→ **Activity**: From the data below, retype exactly the lines starting with the one that contains "Return a 3D" and ending with the one that contains "#2 laptop [0, 200, 530, 679]", both included.

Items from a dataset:
▽

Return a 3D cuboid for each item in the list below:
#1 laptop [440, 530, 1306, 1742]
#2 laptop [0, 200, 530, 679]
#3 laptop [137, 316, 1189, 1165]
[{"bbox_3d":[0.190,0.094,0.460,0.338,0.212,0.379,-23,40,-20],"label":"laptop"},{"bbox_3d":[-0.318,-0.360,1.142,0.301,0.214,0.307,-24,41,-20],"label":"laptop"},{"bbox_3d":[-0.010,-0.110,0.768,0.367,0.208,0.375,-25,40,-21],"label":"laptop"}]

△
▽

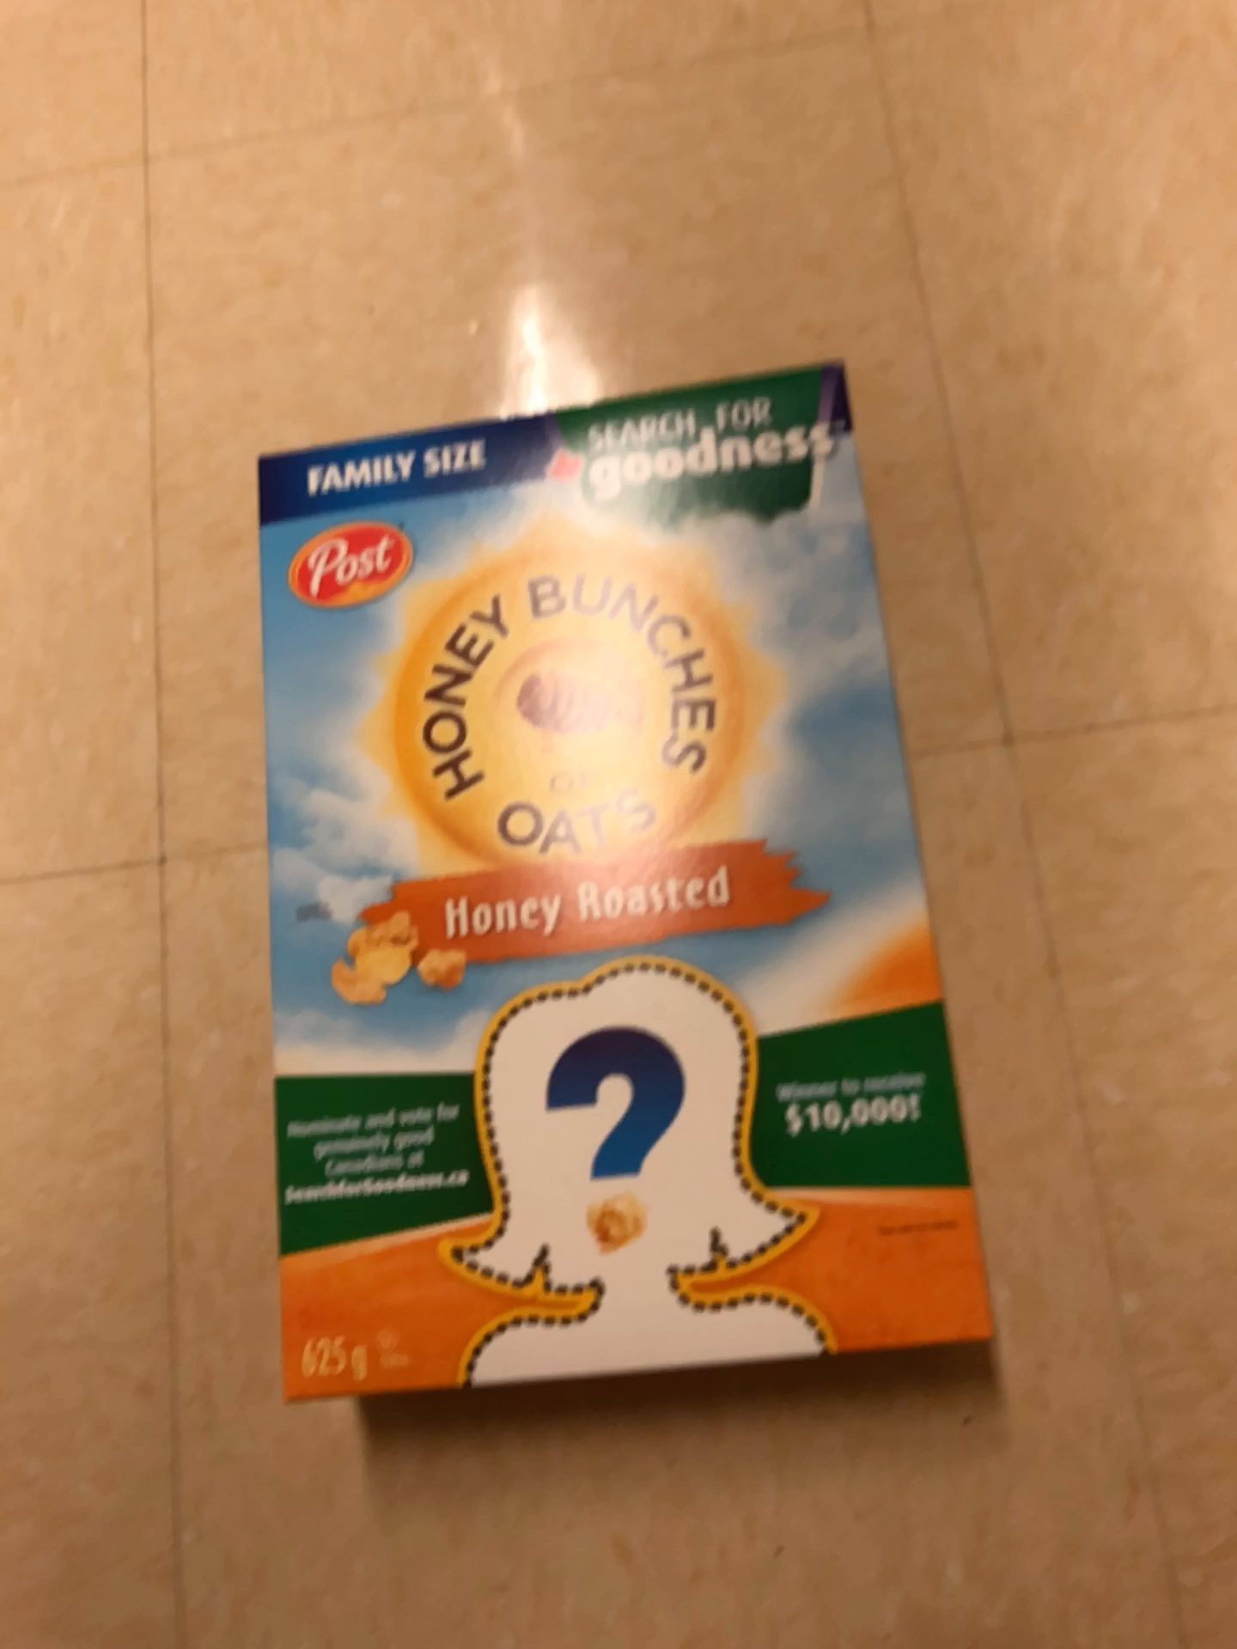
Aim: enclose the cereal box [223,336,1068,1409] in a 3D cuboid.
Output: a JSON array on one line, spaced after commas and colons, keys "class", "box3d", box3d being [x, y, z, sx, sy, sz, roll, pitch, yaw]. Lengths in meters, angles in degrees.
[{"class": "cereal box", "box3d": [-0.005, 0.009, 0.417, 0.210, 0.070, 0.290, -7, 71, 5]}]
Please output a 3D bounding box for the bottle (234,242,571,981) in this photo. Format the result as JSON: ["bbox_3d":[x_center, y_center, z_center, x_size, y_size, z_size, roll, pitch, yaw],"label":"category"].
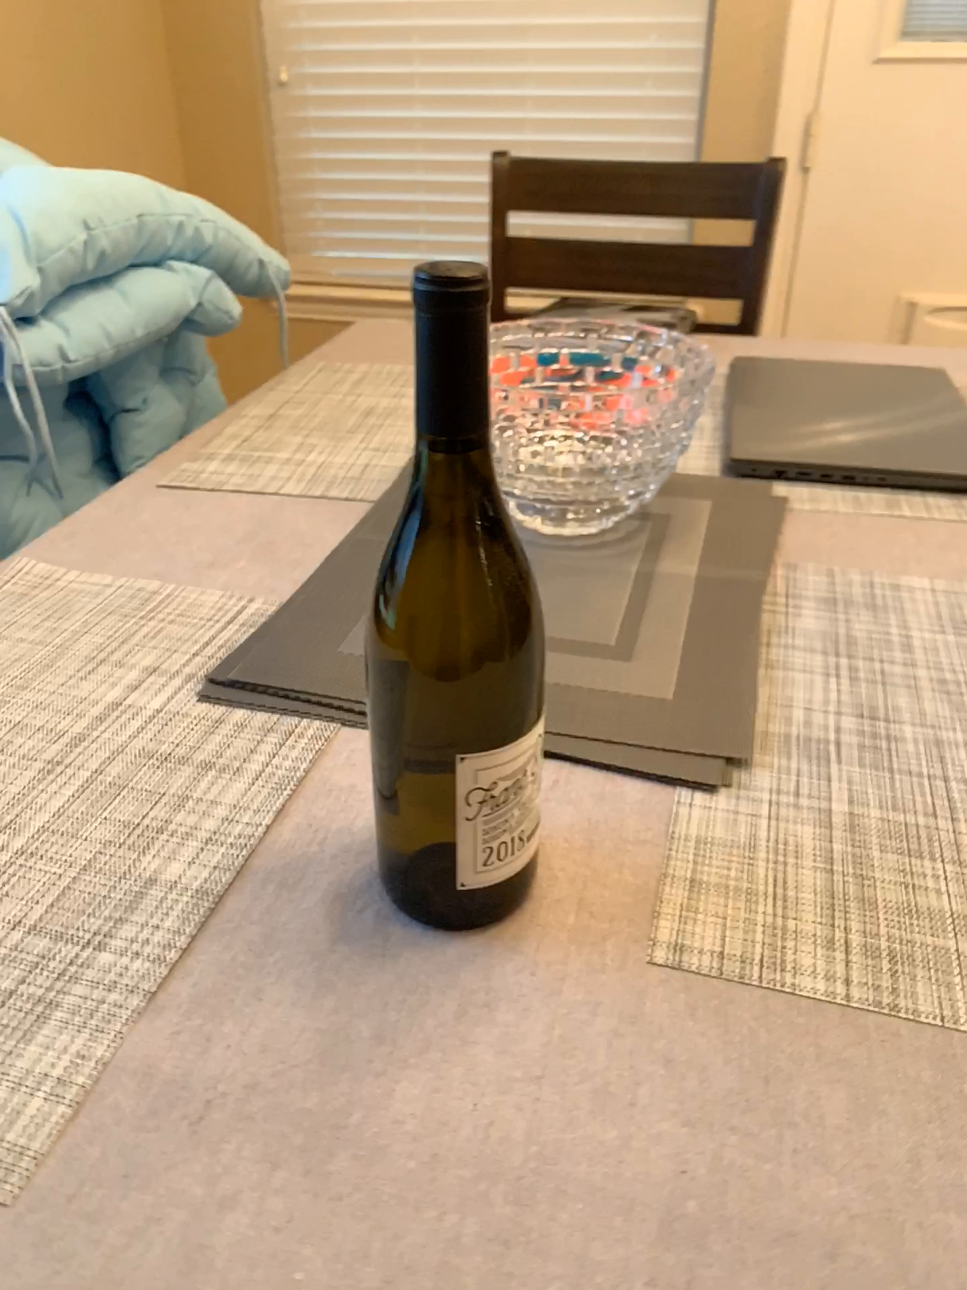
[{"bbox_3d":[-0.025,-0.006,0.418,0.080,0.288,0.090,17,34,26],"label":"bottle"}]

△
▽

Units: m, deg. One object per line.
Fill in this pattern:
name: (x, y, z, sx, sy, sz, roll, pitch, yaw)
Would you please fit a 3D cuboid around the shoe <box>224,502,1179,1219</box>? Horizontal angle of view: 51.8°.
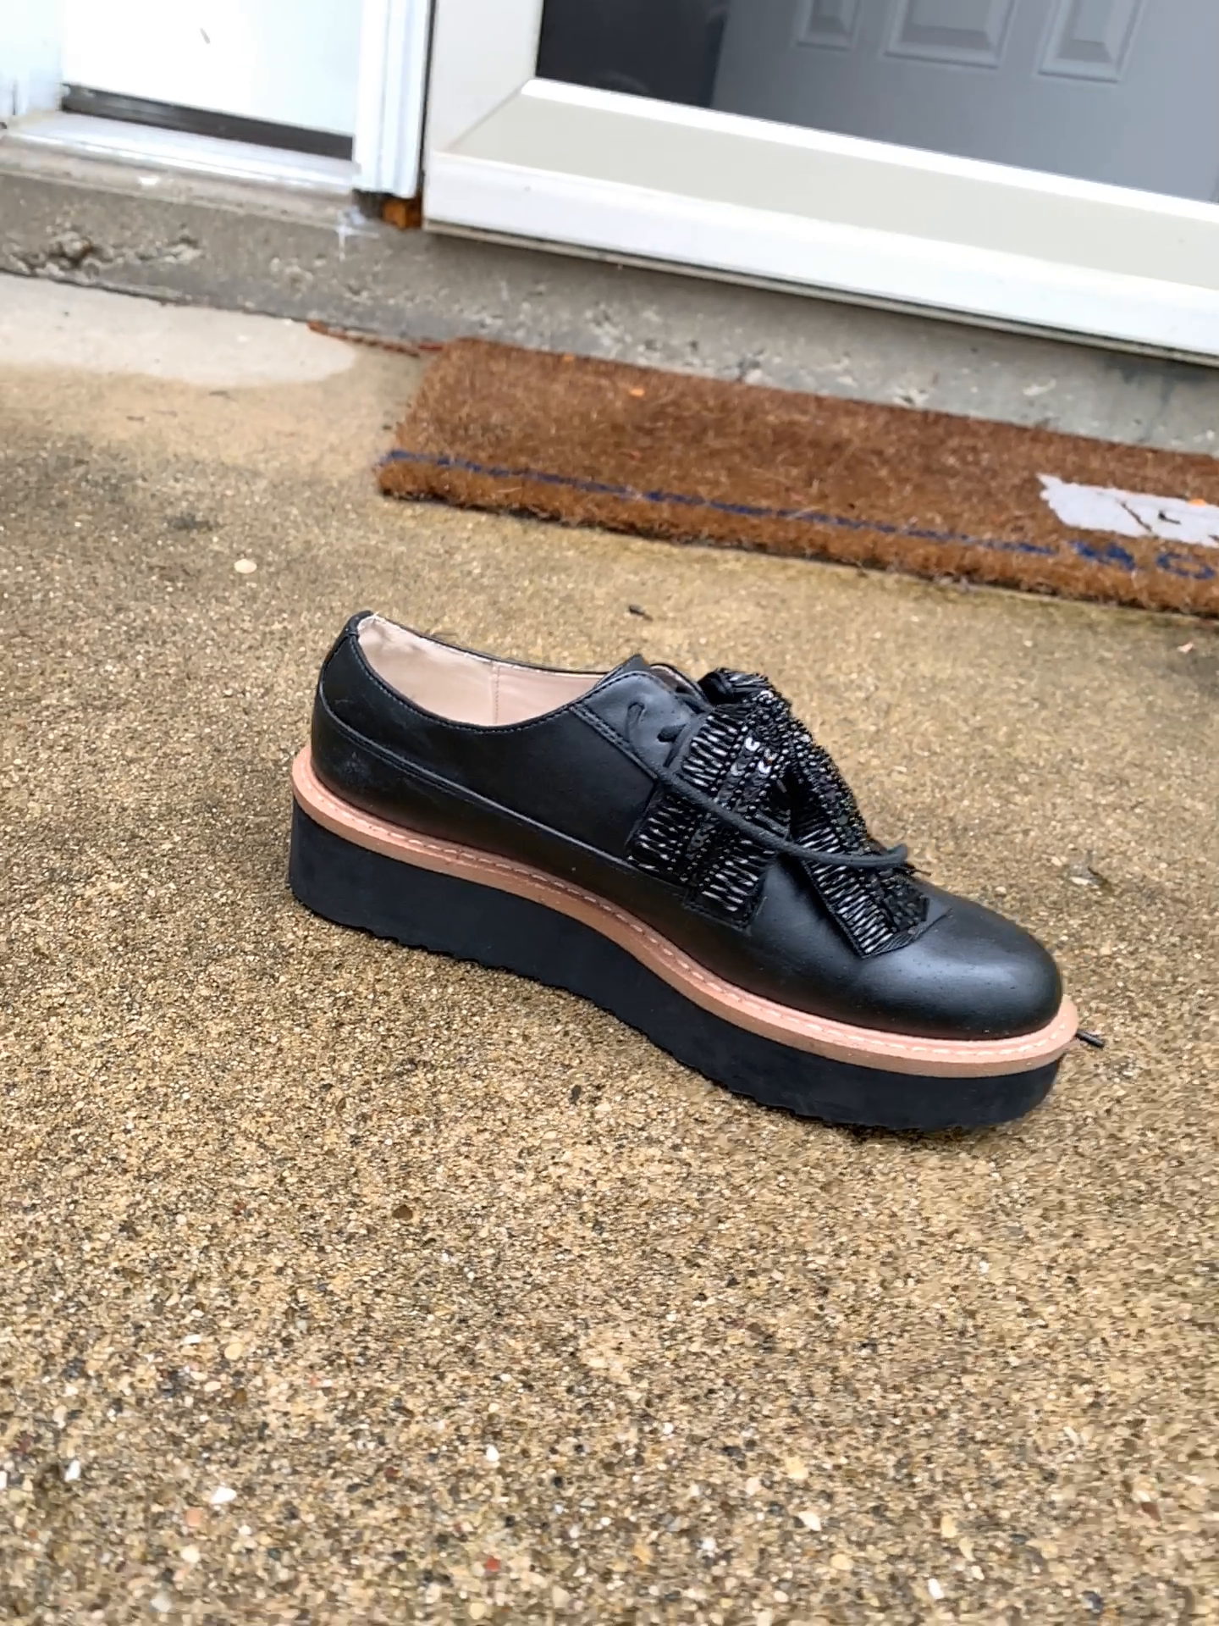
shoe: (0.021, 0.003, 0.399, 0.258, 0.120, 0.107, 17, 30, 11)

△

→ **Task solution**:
Return a 3D cuboid for each item in the list below:
#1 laptop [440, 530, 1306, 1742]
#2 laptop [0, 200, 530, 679]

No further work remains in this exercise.